Seven student teams to represent India at NASA rover challenge 2024

These Indian teams are part of a larger group of 72 teams from 13 nations, all competing in an engineering design challenge to create human-powered rovers

Seven Indian student teams, including high school enthusiasts, gear up for NASA's Human Exploration Rover Challenge 2024 (photo: IANS)
Seven Indian student teams, including high school enthusiasts, gear up for NASA's Human Exploration Rover Challenge 2024 (photo: IANS)


Seven Indian student teams including three high school groups will participate in the prestigious NASA Human Exploration Rover Challenge (HERC) 2024 in the US.

The teams are from the Birla Institute of Technology and Science-Pilani, Goa Campus; Candor International School, Bengaluru; Kanakia International School, Mumbai; KIET Group of Institutions, Delhi-NCR; Punjab Engineering College, Chandigarh; Vellore Institute of Technology, Chennai; and Young Mind Research and Development, Faridabad.

These are among 72 others from 13 nations around the world that will compete in the engineering design challenge to build human-powered rovers.

The HERC, celebrating its 30th anniversary in 2024, tasks the students to design, build, and test lightweight, human-powered rovers on an obstacle course simulating lunar and Martian terrain, all while completing mission-focused science tasks.

"Throughout this authentic learning challenge, NASA encourages students to improve their understanding of collaboration, inquiry, and problem-solving strategies," said Vemitra Alexander, rover challenge activity lead, Office of STEM Engagement at NASA Marshall.

"Improving these critical real-world skills will benefit our students throughout their academic and professional careers," Alexander added.

In the HERC 2023, 11 student teams represented India at the international competition. Of the new teams from India, VIT Chennai, BITS Pilani, Rajasthan and Amity Noida, KIET Group of Institutions, featured in the 2023 challenge as well.

Throughout the nine-month challenge, students will complete design and safety reviews to mirror the process used by NASA engineers and scientists. The agency also incorporates vehicle weight and size requirements encouraging students to consider lightweight construction materials and stowage efficiency to replicate similar payload restrictions of NASA launch operations.

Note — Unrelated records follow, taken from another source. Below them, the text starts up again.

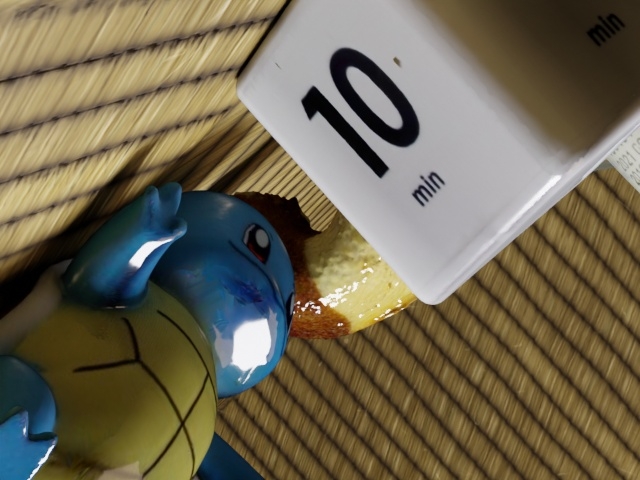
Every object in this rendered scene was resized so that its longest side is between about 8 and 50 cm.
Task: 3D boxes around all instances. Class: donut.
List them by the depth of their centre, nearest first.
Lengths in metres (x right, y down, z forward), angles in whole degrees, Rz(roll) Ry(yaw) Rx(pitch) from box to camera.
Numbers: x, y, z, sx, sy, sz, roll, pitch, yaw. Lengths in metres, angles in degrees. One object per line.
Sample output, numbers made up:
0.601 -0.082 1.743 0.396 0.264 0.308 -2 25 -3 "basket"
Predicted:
0.002 -0.001 1.393 0.217 0.141 0.085 -25 164 17 "donut"

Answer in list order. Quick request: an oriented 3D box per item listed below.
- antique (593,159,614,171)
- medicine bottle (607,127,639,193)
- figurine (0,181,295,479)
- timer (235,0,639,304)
0.166 -0.126 1.458 0.146 0.152 0.148 -9 179 7 "antique"
0.209 -0.152 1.238 0.143 0.258 0.143 -42 176 -3 "medicine bottle"
-0.153 0.132 1.170 0.416 0.298 0.243 -37 -153 -23 "figurine"
0.098 -0.111 1.108 0.194 0.195 0.192 -39 174 -37 "timer"

Teams earn points throughout the year by successfully completing design reviews and fabricating a rover capable of meeting all criteria while completing course obstacles and mission tasks. The teams with the highest number of points accumulated throughout the project year will win their respective divisions.

The challenge will conclude with an event on 19 and 20 April , 2024, at the US Rocket and Space Center in Alabama. The competition is one of nine Artemis Student Challenges and reflects the goals of NASA’s Artemis programme, which includes landing the first woman and first person of colour on the Moon.